Beyond Compliance: How AI Could Help Creative Writers by Refusing Them
For HCI and creativity support researchers, this work provides empirical insights into designing strategic friction in AI interactions to balance reliance and reflection.
The study explored how intentional AI non-compliance (refusals) can foster reflection in creative writing, finding that its effectiveness depends on alignment with user preferences across situational, cognitive, and relational dimensions.
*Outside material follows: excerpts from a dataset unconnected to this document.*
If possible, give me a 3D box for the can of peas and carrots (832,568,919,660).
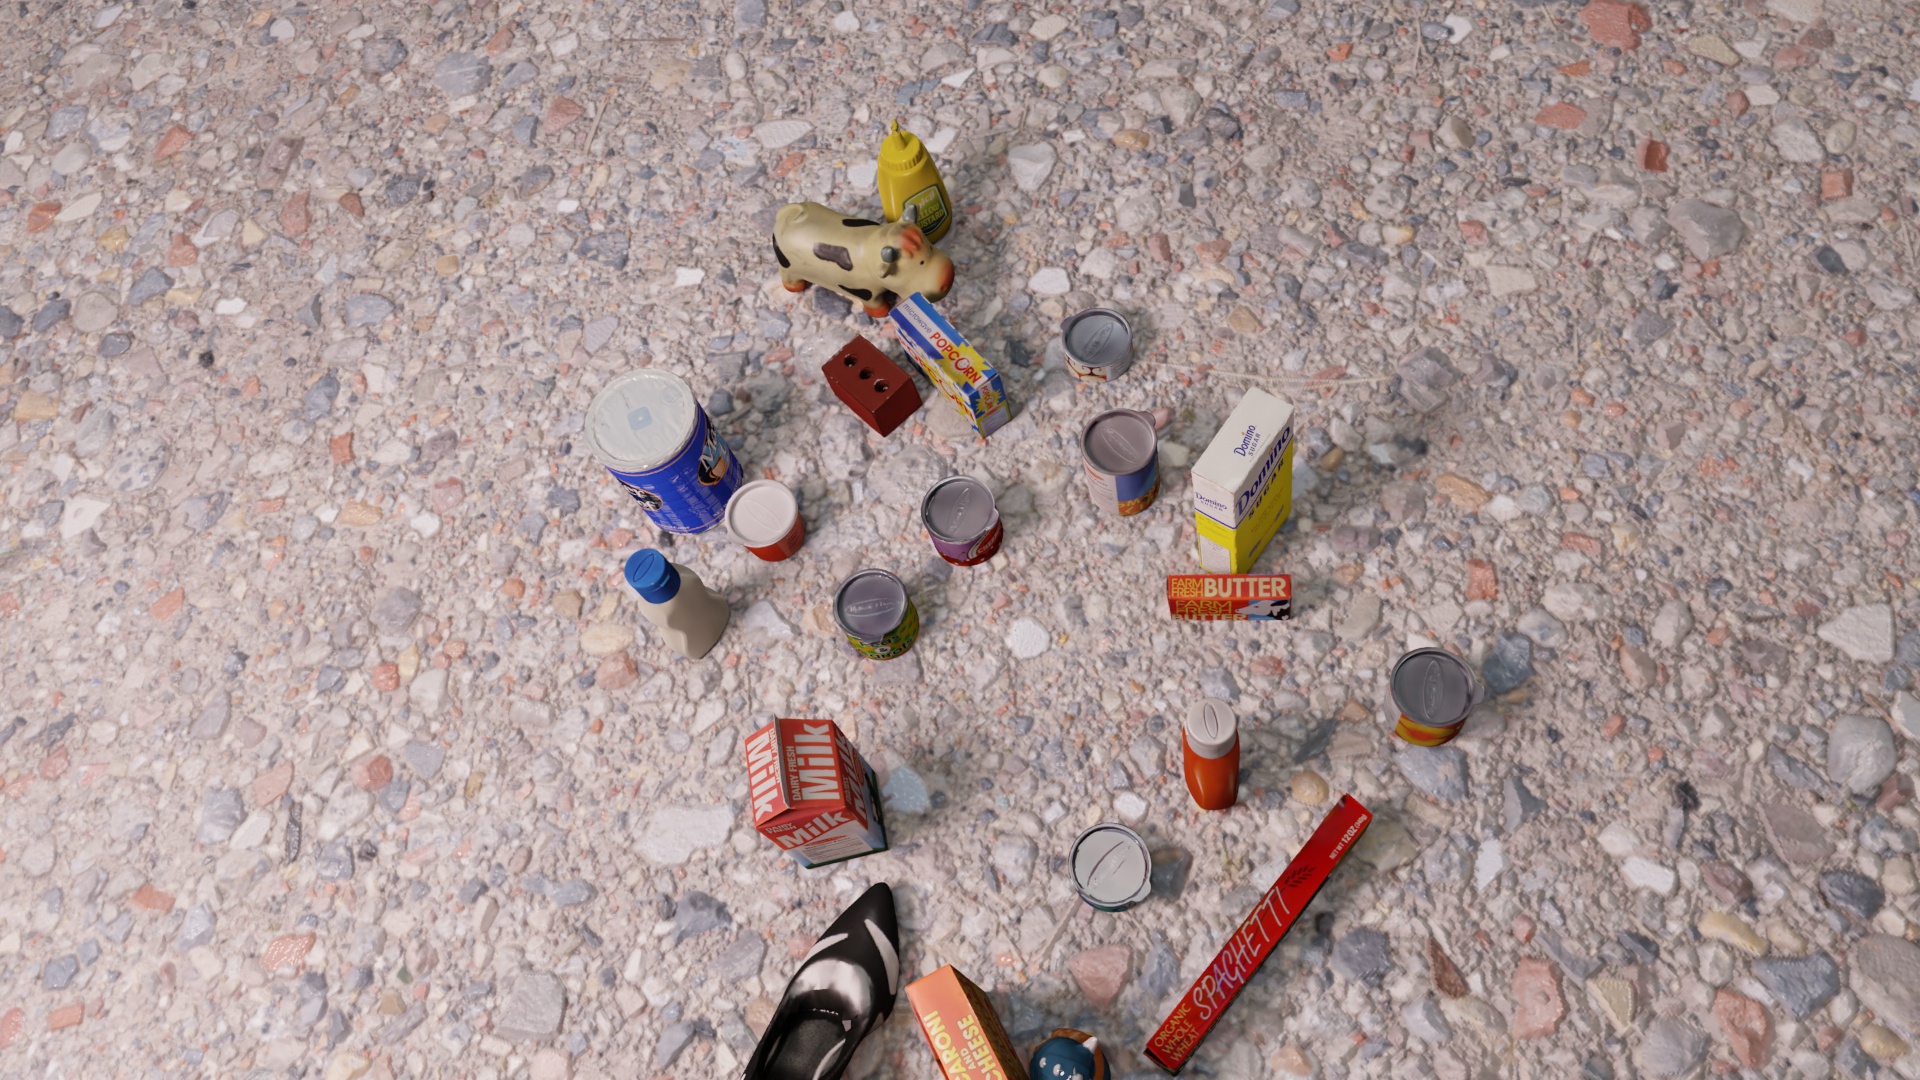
[{"bbox_3d":[-0.072,0.068,1.216,0.071,0.058,0.071,-4,65,9],"label":"can of peas and carrots"}]

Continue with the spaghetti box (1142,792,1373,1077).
[{"bbox_3d":[0.228,0.300,1.057,0.029,0.050,0.250,37,76,23],"label":"spaghetti box"}]

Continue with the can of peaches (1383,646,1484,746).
[{"bbox_3d":[0.376,0.126,1.107,0.071,0.058,0.071,-4,65,9],"label":"can of peaches"}]

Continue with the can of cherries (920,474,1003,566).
[{"bbox_3d":[0.004,-0.016,1.242,0.071,0.058,0.072,-4,65,9],"label":"can of cherries"}]

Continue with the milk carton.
[{"bbox_3d":[-0.116,0.197,1.090,0.073,0.190,0.072,-14,64,4],"label":"milk carton"}]

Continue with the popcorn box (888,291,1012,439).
[{"bbox_3d":[-0.009,-0.164,1.299,0.038,0.085,0.127,-38,64,-8],"label":"popcorn box"}]

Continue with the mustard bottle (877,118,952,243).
[{"bbox_3d":[-0.050,-0.350,1.353,0.065,0.159,0.049,-32,64,-5],"label":"mustard bottle"}]

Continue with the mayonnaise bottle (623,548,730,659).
[{"bbox_3d":[-0.248,0.052,1.206,0.041,0.147,0.065,25,72,20],"label":"mayonnaise bottle"}]

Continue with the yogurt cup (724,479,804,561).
[{"bbox_3d":[-0.176,-0.015,1.277,0.072,0.053,0.072,-4,65,9],"label":"yogurt cup"}]

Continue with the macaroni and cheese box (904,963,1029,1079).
[{"bbox_3d":[0.017,0.378,0.994,0.040,0.166,0.124,-29,64,-3],"label":"macaroni and cheese box"}]

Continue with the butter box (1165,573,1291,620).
[{"bbox_3d":[0.227,0.048,1.174,0.103,0.053,0.024,0,65,10],"label":"butter box"}]

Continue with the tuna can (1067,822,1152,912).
[{"bbox_3d":[0.121,0.262,1.104,0.071,0.032,0.071,-4,65,9],"label":"tuna can"}]

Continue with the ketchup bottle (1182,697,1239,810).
[{"bbox_3d":[0.193,0.161,1.073,0.043,0.148,0.065,-10,64,6],"label":"ketchup bottle"}]

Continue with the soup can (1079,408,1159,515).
[{"bbox_3d":[0.145,-0.070,1.227,0.071,0.083,0.071,-4,65,9],"label":"soup can"}]

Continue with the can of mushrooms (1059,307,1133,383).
[{"bbox_3d":[0.128,-0.185,1.313,0.071,0.033,0.071,-4,65,9],"label":"can of mushrooms"}]

Mainstream creativity support design prioritizes compliant AI for seamless writing interactions, but concerns over inappropriate AI reliance highlight the need for designs fostering reflection on balanced AI and non-AI resource use. Theoretically, intentional AI non-compliance, refusals (saying ``no'' to requests), could introduce such reflection through friction stronger than other bypass-able solutions. Practically, refusal content/language characteristics lead to nuanced reactions. However, little research empirically focuses on nuances beyond mandatory ethical/technical constraints, on turning refusals into strategic friction for `innocuous' requests. We address this through a qualitative study with 22 creative writers, exploring reactions to refusals to common requests across writing stages (planning, translating, reviewing). Findings suggest that reflective potential depends on heterogeneous preference alignment along situational (e.g., convergent/divergent thinking phases), cognitive (e.g., domain beliefs), and relational (e.g., AI roles) dimensions. We discuss implications for creativity support, broader issues (e.g., AI addiction), and frictional/seamful AI design (e.g., integrating different compliance levels).